“Polri Dan Kepemimpinan Tito Karnavian : Memaknai Keberhasilan Polri”

Kapolri Jenderal Pol. Tito Karnavian (kanan) bersama Firman Jaya Daeli dalam suasana Informal sambil mendiskusikan sejumlah hal strategis, di Jakarta, Sabtu (31, Desember 2016)

Oleh: Firman Jaya Daeli (mantan Tim Perumus UU Polri Pansus DPR RI)

INFONAWACITA.COM – Beberapa waktu lalu dalam pertemuan dengan Kapolri (Jenderal Pol. Tito Karnavian) dalam suasana infornal, kita mendiskusikan sejumlah hal strategis seperti, situasi, kondisi, dan perkembangan pelayanan umum, Kamtibmas, keamanan nasional, dan tentunya yang paling hangat soal penegakan hukum.

Polri telah berada pada jalur yang senantiasa dan harus terus-menerus secara berkelanjutan terpanggil melindungi dan merawat Indonesia Raya sebagai tugas dan tanggung jawab Bhayangkara Negara.

Polri melalui kepemimpinan Kapolri dengan dukungan jajaran aparatur Polri lainnya harus secara berkelanjutan memaknai Indonesia Raya yang merupakan Negara Kesatuan Republik Indonesia (NKRI) berdasarkan Pancasila Dan Konstitusi UUD 1945 yang Berbhinneka Tunggal Ika, dalam berbagai agenda dasar dan kebijakan strategis Polri.

Pemaknaan ini dilambangkan dan diwujudkan Polri secara maksimal dan konsisten dalam rangka menjalankan perlindungan optimum terhadap warga yang beraneka ragam (Majemuk) dalam semangat pertumbuhan Bhinneka Tunggal Ika.

Negara melalui Polri mesti memastikan untuk melayani dan melindungi warga negara di setiap ruang dan waktuj. Artinya, Polri dan jajarannya di wilayah manapun harus menciptakan dan menumbuhkan ketenangan, kenyamanan, keamanan, dan kedamaian yang Konkret dan otentik.

Dengan demikian, Polri harus tegas dan jelas dalam posisi menjamin sekigus memfasilitasi keselamatan publik. Tidak boleh ada diskriminasi warga berdasarkan komunitas dengan latar belakang agama, kepercayaan, suku, dan golongan.
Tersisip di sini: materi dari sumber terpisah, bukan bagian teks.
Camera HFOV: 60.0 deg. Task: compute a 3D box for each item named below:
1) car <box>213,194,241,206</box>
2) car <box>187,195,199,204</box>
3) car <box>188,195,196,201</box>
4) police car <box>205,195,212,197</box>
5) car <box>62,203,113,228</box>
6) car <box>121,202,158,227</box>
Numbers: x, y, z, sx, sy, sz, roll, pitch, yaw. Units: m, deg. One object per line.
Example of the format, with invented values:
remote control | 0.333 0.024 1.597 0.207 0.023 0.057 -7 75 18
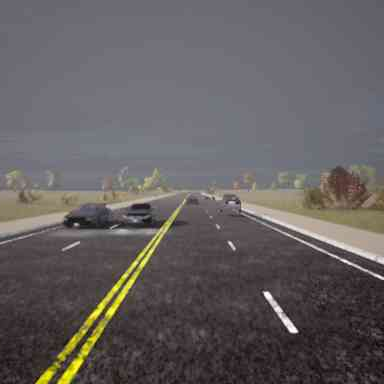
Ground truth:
car | 3.246 0.899 29.335 2.033 1.649 4.856 0 0 0
car | 0.092 1.287 55.207 2.033 1.411 5.357 0 0 0
car | -0.011 1.249 73.430 1.895 1.301 4.718 0 0 0
police car | 3.241 0.809 59.535 2.038 1.542 4.974 0 0 0
car | -6.560 1.447 21.566 2.033 1.411 5.357 0 0 0
car | -3.309 1.424 21.754 1.812 1.442 4.674 0 0 0
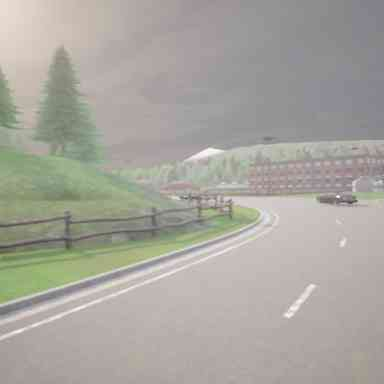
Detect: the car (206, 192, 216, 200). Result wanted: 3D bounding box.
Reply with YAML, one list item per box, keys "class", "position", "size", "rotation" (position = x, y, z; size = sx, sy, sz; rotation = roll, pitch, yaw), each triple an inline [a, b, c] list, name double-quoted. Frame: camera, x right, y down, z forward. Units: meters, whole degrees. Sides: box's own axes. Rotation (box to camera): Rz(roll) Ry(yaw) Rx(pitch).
- class: "car"
  position: [2.376, 0.678, 58.898]
  size: [1.994, 1.385, 4.181]
  rotation: [-2, 1, -37]

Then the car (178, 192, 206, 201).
- class: "car"
  position: [-0.371, 0.798, 57.238]
  size: [1.895, 1.301, 4.718]
  rotation: [-2, 1, -39]

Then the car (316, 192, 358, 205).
- class: "car"
  position: [15.848, 0.692, 36.684]
  size: [2.033, 1.411, 5.357]
  rotation: [-1, 1, -10]

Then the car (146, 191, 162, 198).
- class: "car"
  position: [-9.039, 0.554, 78.779]
  size: [1.882, 1.535, 5.008]
  rotation: [-2, 1, -39]
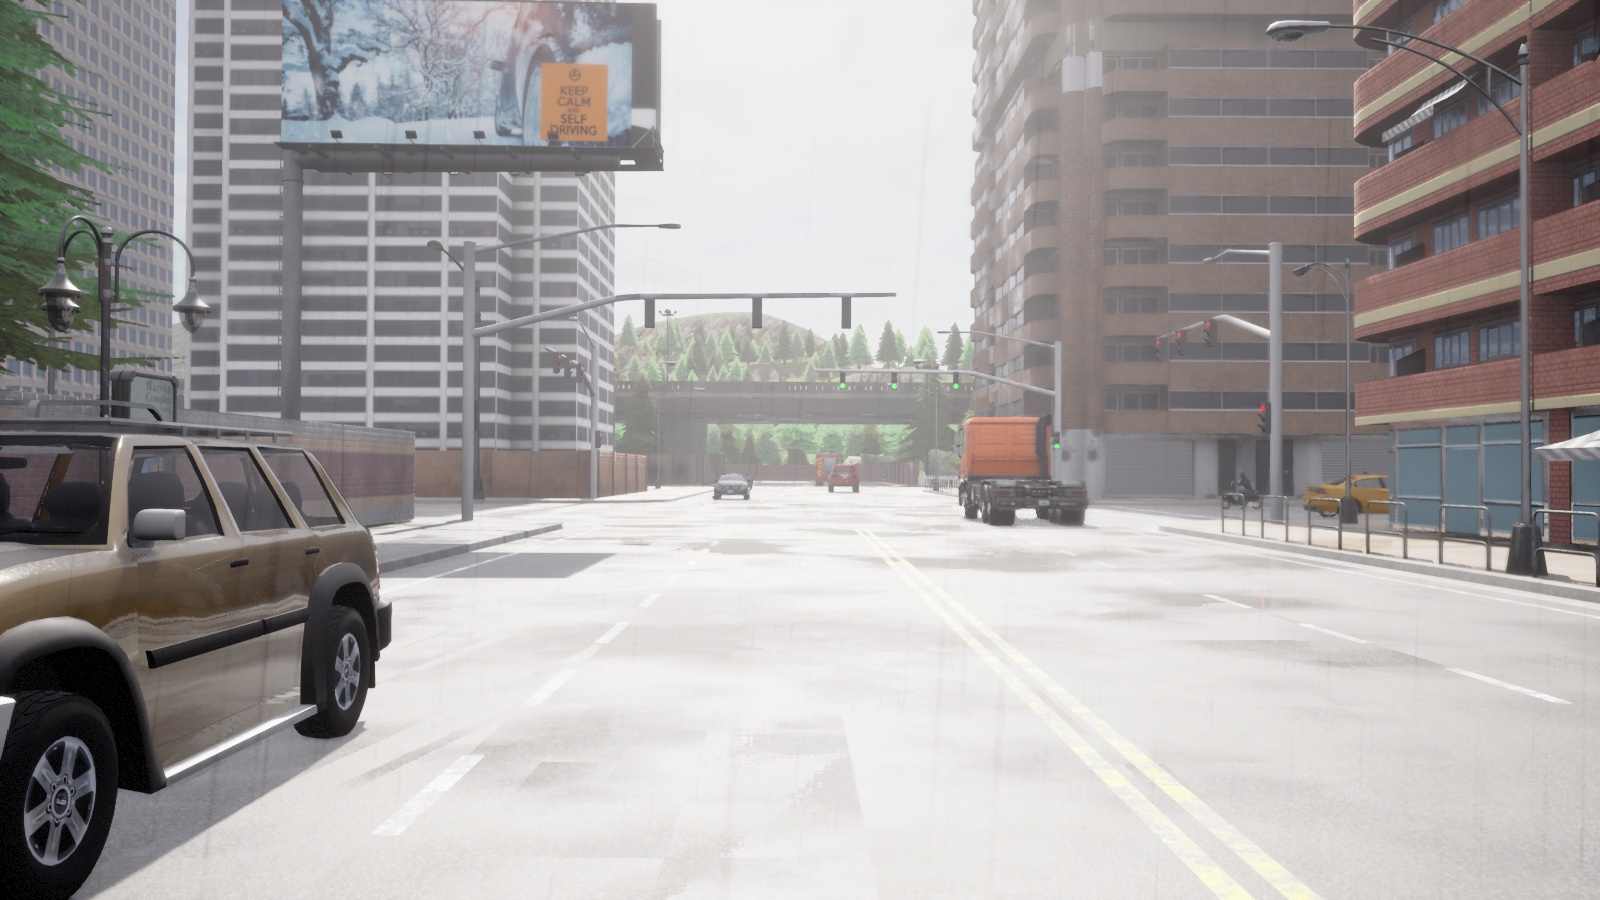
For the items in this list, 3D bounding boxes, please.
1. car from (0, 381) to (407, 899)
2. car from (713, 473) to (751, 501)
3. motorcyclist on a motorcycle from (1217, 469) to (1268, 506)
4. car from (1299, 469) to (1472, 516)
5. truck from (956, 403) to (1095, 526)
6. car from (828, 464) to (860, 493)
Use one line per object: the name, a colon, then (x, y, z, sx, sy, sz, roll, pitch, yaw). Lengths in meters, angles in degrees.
car: (-3.520, 0.744, 5.891, 1.932, 1.855, 4.605, 0, -1, 0)
car: (-3.696, 2.011, 68.991, 1.812, 1.442, 4.674, 0, -1, 0)
motorcyclist on a motorcycle: (18.769, 1.585, 53.265, 1.817, 1.590, 0.866, 0, -1, 0)
car: (19.877, 1.429, 42.764, 5.008, 1.535, 1.882, 0, -1, 0)
truck: (6.883, 0.467, 39.533, 2.891, 3.462, 7.936, 0, -1, 0)
car: (3.234, 2.081, 93.165, 2.150, 2.045, 5.566, 0, -1, 0)
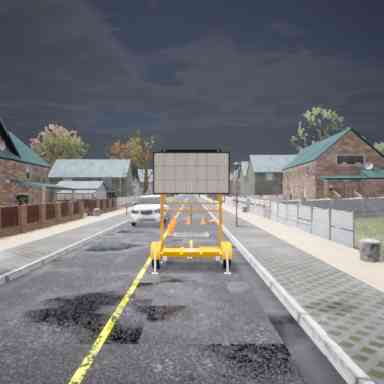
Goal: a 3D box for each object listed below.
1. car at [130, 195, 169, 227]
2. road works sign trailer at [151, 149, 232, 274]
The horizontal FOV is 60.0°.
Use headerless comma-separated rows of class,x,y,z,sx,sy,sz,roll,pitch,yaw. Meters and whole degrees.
car,-2.799,1.226,23.068,2.150,2.045,5.566,0,0,0
road works sign trailer,-0.022,0.467,10.519,2.380,3.560,2.880,0,0,0
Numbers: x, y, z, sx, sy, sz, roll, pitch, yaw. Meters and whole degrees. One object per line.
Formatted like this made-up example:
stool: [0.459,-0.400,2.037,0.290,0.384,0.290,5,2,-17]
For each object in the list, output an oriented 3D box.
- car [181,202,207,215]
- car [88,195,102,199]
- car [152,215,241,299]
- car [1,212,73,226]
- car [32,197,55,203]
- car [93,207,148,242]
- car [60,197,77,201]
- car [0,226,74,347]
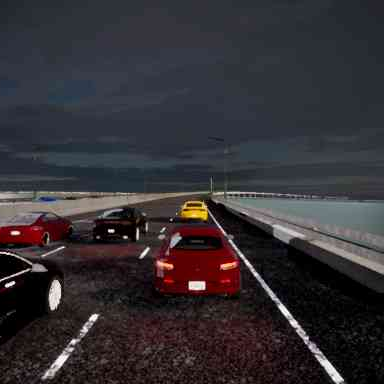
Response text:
car: [0.175,1.480,25.890,1.882,1.535,5.008,0,0,0]
car: [-17.017,1.343,57.851,2.097,1.767,4.553,0,0,1]
car: [0.102,1.527,8.314,1.812,1.442,4.674,0,0,0]
car: [-6.882,1.566,14.958,1.994,1.385,4.181,0,0,0]
car: [-24.124,1.475,54.017,1.882,1.535,5.008,0,0,1]
car: [-3.377,1.480,16.396,1.882,1.535,5.008,0,0,0]
car: [-20.586,1.521,55.440,1.812,1.442,4.674,0,0,2]
car: [-3.398,1.505,4.593,1.837,1.490,4.892,0,0,0]
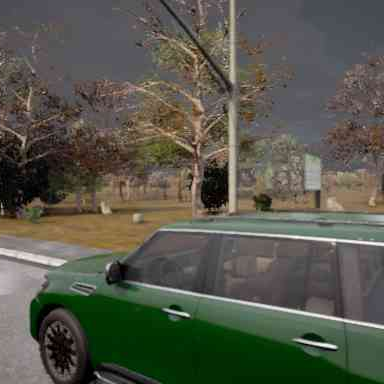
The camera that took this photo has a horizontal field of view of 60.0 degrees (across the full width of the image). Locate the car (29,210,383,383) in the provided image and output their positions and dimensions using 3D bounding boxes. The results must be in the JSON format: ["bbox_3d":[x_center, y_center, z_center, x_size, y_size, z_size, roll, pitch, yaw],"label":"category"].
[{"bbox_3d":[0.550,1.223,3.598,5.566,2.045,2.150,0,0,35],"label":"car"}]
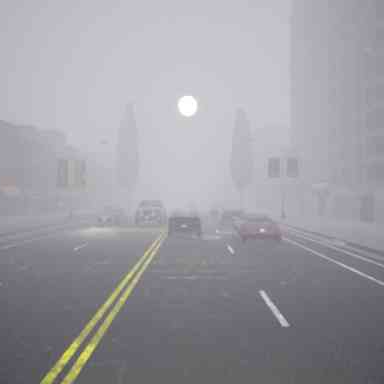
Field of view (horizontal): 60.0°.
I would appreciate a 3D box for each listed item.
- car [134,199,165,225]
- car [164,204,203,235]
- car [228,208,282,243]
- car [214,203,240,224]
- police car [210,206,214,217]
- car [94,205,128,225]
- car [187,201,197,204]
[{"bbox_3d":[-3.355,1.596,27.534,2.150,2.045,5.566,0,-1,0],"label":"car"},{"bbox_3d":[-0.342,1.728,20.411,1.882,1.535,5.008,0,-1,2],"label":"car"},{"bbox_3d":[3.247,1.768,17.344,1.994,1.385,4.181,0,-1,0],"label":"car"},{"bbox_3d":[3.245,1.868,28.348,1.882,1.535,5.008,0,-1,0],"label":"car"},{"bbox_3d":[3.243,2.133,39.350,2.038,1.542,4.974,0,-1,0],"label":"police car"},{"bbox_3d":[-6.604,1.866,27.533,2.128,1.511,4.902,0,-1,0],"label":"car"},{"bbox_3d":[0.071,2.752,60.679,2.033,1.411,5.357,0,-2,0],"label":"car"}]
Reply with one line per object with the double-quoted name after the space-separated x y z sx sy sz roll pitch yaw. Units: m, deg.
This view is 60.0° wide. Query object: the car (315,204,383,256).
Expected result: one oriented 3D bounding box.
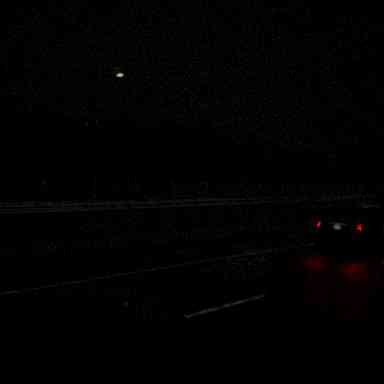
6.892 1.260 12.996 4.553 1.767 2.097 0 0 -35 "car"
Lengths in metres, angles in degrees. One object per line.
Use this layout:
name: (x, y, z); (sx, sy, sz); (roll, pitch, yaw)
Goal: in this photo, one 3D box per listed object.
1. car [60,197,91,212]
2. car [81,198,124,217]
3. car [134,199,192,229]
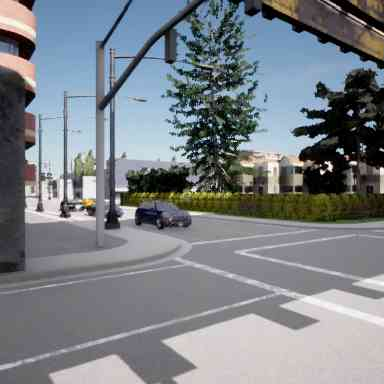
car: (-13.941, 1.489, 38.736); (2.128, 1.511, 4.902); (0, 0, -35)
car: (-8.057, 1.545, 30.341); (2.033, 1.411, 5.357); (0, 0, -35)
car: (-1.960, 1.349, 21.679); (2.097, 1.767, 4.553); (0, 0, -35)
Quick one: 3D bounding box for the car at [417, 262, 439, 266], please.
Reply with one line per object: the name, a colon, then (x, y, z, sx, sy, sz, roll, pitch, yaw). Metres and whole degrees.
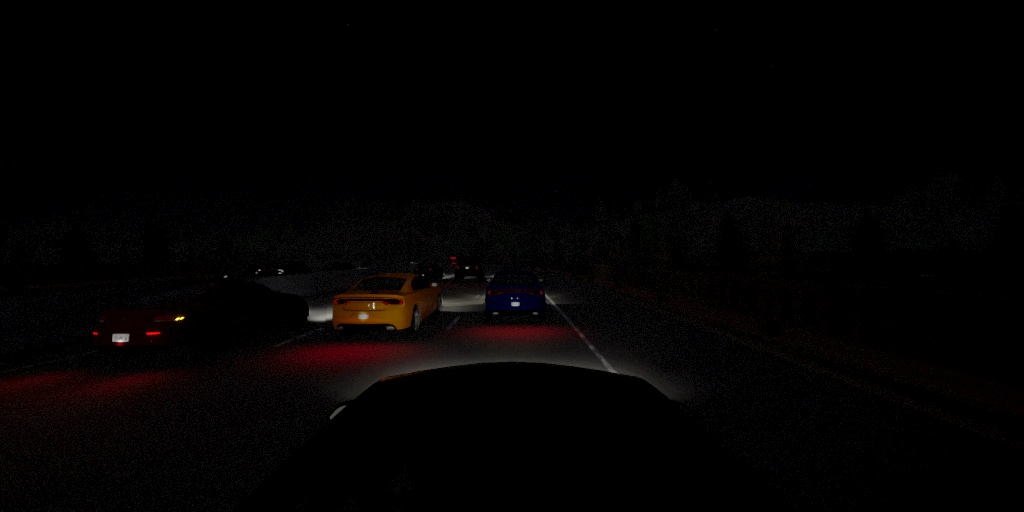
car: (-7.054, 1.280, 30.413, 2.128, 1.511, 4.902, 0, 0, -2)

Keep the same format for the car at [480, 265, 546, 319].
car: (0.101, 1.236, 12.804, 1.882, 1.535, 5.008, 0, 0, 0)

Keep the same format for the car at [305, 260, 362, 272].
car: (-14.244, 1.291, 28.951, 1.837, 1.490, 4.892, 0, 0, -2)

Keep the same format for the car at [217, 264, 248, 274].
car: (-21.231, 1.349, 28.510, 1.994, 1.385, 4.181, 0, 0, -2)

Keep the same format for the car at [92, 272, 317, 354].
car: (-6.900, 1.281, 8.628, 1.812, 1.442, 4.674, 0, 0, 0)

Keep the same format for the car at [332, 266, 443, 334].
car: (-3.400, 1.234, 10.685, 1.882, 1.535, 5.008, 0, 0, 0)

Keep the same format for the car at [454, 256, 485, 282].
car: (-3.522, 1.009, 30.088, 2.150, 2.045, 5.566, 0, 0, -2)

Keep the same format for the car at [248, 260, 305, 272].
car: (-17.721, 1.136, 27.966, 2.097, 1.767, 4.553, 0, 0, -2)
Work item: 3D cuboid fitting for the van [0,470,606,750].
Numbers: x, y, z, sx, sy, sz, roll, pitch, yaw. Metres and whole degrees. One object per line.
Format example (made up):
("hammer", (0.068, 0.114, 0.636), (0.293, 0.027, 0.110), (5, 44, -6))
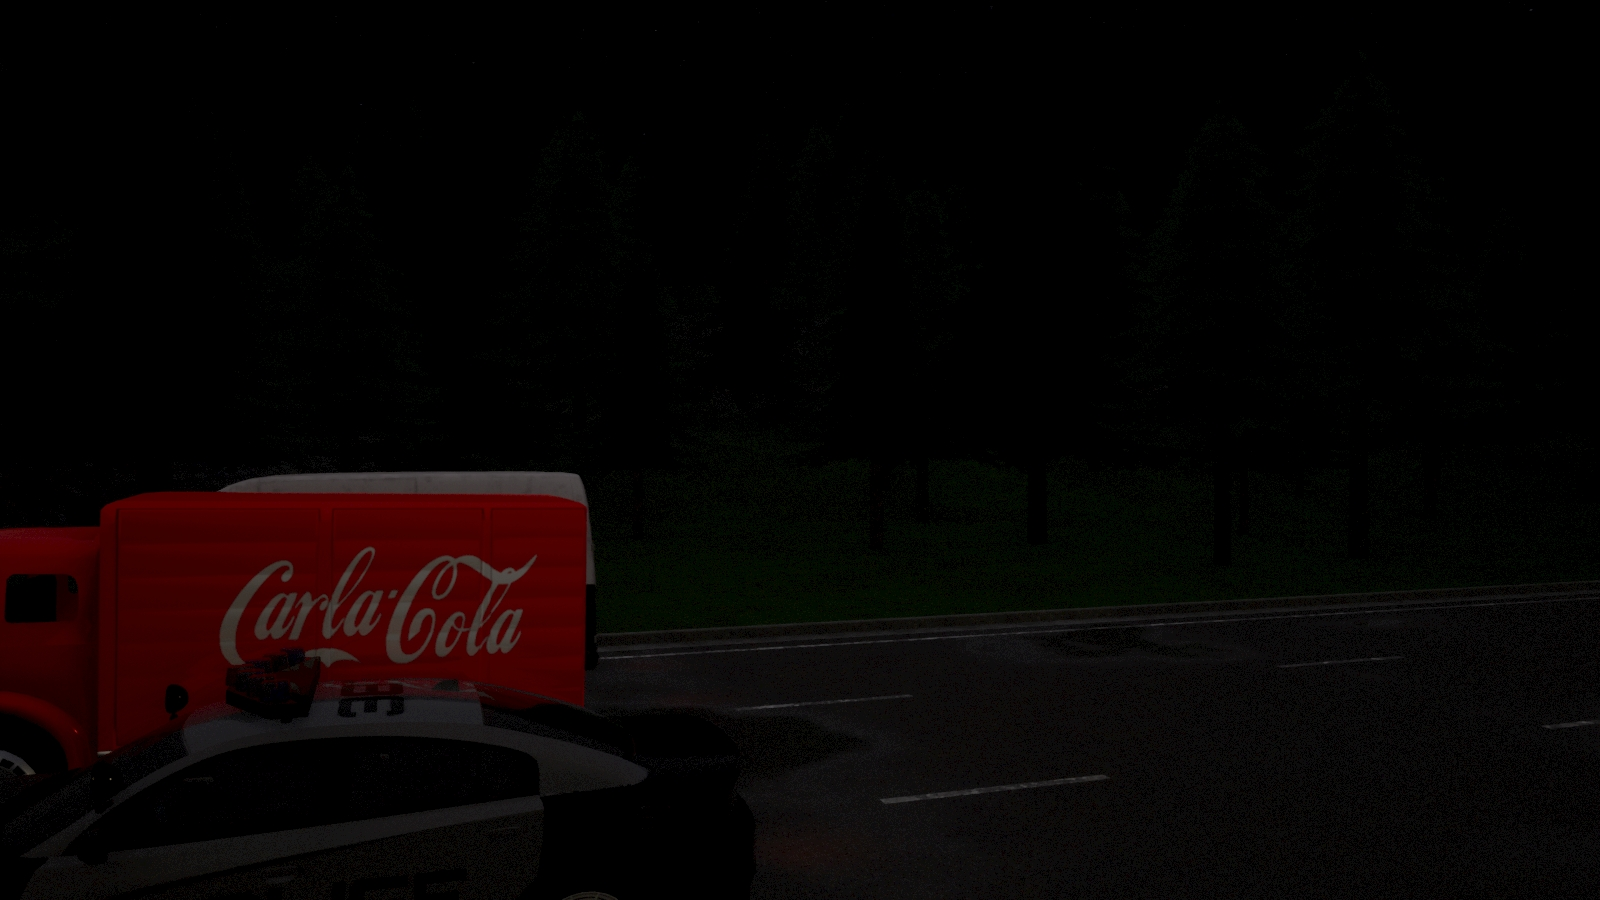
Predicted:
("van", (-5.250, 1.534, 12.548), (5.915, 2.561, 1.988), (0, 0, -19))

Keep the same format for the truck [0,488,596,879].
("truck", (-4.481, 1.578, 9.124), (5.204, 2.467, 2.627), (1, 0, -21))

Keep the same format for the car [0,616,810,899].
("car", (-2.766, 1.982, 6.136), (5.238, 1.638, 2.097), (0, 0, -20))
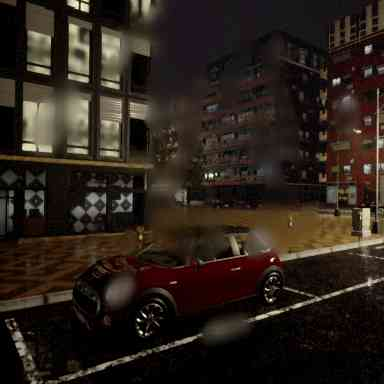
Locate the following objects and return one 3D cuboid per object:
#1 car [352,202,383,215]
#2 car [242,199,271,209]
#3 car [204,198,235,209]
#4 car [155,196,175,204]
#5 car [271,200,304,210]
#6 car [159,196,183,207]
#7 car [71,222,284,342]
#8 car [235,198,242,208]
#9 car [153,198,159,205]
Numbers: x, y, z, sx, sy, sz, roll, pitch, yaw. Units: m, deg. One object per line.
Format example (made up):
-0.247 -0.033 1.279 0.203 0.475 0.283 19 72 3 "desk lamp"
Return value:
20.007 1.730 36.755 1.947 1.339 4.313 1 -1 -35 "car"
10.209 1.799 50.662 1.887 1.381 4.507 1 -1 -35 "car"
3.355 1.677 45.839 2.008 1.369 4.403 1 -1 -35 "car"
-6.121 1.724 73.842 2.192 1.841 5.009 1 -1 -35 "car"
13.475 1.806 46.026 1.802 1.307 4.206 1 -1 -35 "car"
-3.177 1.732 55.110 1.887 1.381 4.507 1 -1 -35 "car"
-0.151 1.441 6.430 4.097 1.590 1.967 0 1 -35 "car"
6.943 1.725 55.298 1.967 1.590 4.097 1 -1 -35 "car"
-6.443 1.763 59.746 1.887 1.381 4.507 1 -1 -35 "car"
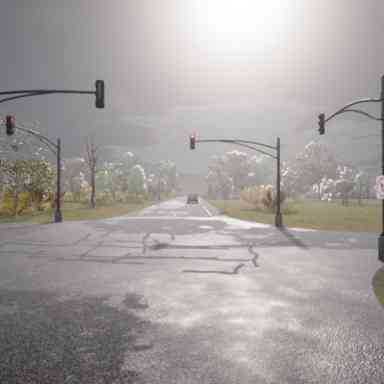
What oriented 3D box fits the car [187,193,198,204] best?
[{"bbox_3d":[0.151,1.288,67.563,2.150,2.045,5.566,0,0,0],"label":"car"}]
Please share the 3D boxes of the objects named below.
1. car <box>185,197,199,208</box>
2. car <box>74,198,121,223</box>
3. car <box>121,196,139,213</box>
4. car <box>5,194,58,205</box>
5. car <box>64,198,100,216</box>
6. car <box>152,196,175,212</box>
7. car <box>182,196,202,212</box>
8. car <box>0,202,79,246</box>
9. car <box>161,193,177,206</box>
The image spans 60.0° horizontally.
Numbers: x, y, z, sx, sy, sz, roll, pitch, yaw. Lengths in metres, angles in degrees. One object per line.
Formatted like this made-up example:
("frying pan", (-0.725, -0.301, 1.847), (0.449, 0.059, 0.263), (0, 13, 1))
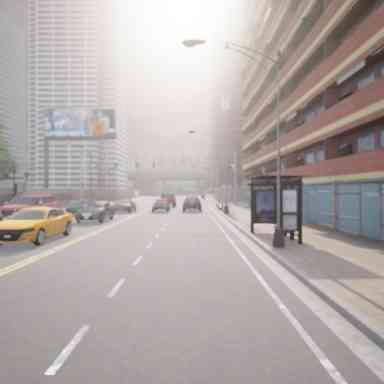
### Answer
("car", (0.021, 1.433, 47.059), (1.994, 1.385, 4.181), (0, 0, 0))
("car", (-7.078, 1.422, 24.747), (2.128, 1.511, 4.902), (0, 0, 0))
("car", (-7.016, 1.428, 34.972), (1.812, 1.442, 4.674), (0, 0, 1))
("car", (-10.587, 1.160, 21.773), (2.150, 2.045, 5.566), (0, 0, 0))
("car", (-10.535, 1.415, 32.191), (1.837, 1.490, 4.892), (0, 0, 0))
("car", (-3.393, 1.442, 37.539), (2.033, 1.411, 5.357), (0, 0, 0))
("car", (0.010, 1.246, 37.829), (2.097, 1.767, 4.553), (0, 0, 0))
("car", (-7.093, 1.434, 15.268), (1.882, 1.535, 5.008), (0, 0, 0))
("car", (-3.408, 1.089, 48.029), (2.150, 2.045, 5.566), (0, 0, 0))
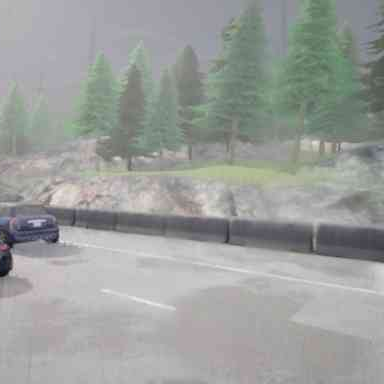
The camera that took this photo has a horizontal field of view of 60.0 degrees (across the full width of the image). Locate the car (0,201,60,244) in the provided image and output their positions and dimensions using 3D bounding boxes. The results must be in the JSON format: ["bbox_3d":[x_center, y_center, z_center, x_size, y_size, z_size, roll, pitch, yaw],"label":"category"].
[{"bbox_3d":[-7.499,1.209,13.635,4.553,1.767,2.097,1,0,35],"label":"car"}]

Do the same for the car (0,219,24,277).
[{"bbox_3d":[-6.490,1.459,8.617,4.181,1.385,1.994,1,0,35],"label":"car"}]

Sebaliknya Polri harus tegas dan tuntas menghentikan, melarang, dan mengadili segelintir orang dan kelompok kecil yang mengatasnamakan agama lalu acapkali melakukan kekerasan, ancaman. Dampak selanjutnya adalab timbulnya gangguan ketenangan, kenyamanan, keamanan, dan kedamaian di masyarakat.

Penghentian, pelarangan, dan penegakan proses hukum terhadap hal Ini karena kerangka gerakan dan metode aksi orang intoleran dan kelompok radikal tidak lagi sekedar mengganggu dan merusak harmoni kemanusiaan dan keselamatan publik.

Tetapi sekarang mulai mengarah ke taraf mengancam dan membahayakan keberadaan integrasi NKRI, Ideologi Pancasila, UUD 1945, Bhinneka Tunggal Ika, jiwa Sumpah Pemuda bahkan Proklamasi Kemerdekaan RI.

Jajaran Polri di bawah kepemimpinan Jenderal Tito Karnavian telah menunjukkan kemauan, kemampuan, dan kematangan untuk memastikan kualitas pelayanan umum, Kamtibmas, keamanan nasional, dan penegakan hukum.

Kita berharap negara melalui Polri mampu memastikan peningkatan kualitas beberapa sendi bernegara tersebut.

Kapolri Tentu akan terus melakukan reformasi internal dan koreksi ke dalam. Polri tentu akan meluruskan jika terdapat pejabat Polri di wilayah atau kepala satuan wilayah yang dalam menjalankan tugas tidak sesuai atau belum sesuai atau tiba-tiba menyimpang dari program dan agenda Polri serta Kebijakan Kapolri.

Polri dan kualitas kepemimpinan Kapolri telah mulai terlihat berhasil melakukan hal tersebut. Selanjutnya perlu memaknai keberhasilan Polri tersebut secara otentik dan konkrrt dengan mendukung, mengawal, mengamankan, melaksanakan, dan mensukseskan program Pemerintahan Jokowi – JK.

Sebab Pemerintahan Jokowi – JK merupakan hasil pilihan rakyat yang berdaulat melalui Pemilu langsung Dan demokratis. (*/PSD)

*Keterangan Foto: Kapolri Jenderal Polisi Tito Karnavian (kiri) dan Firman Jaya Daeli berbincang santai, Sabtu (31/12).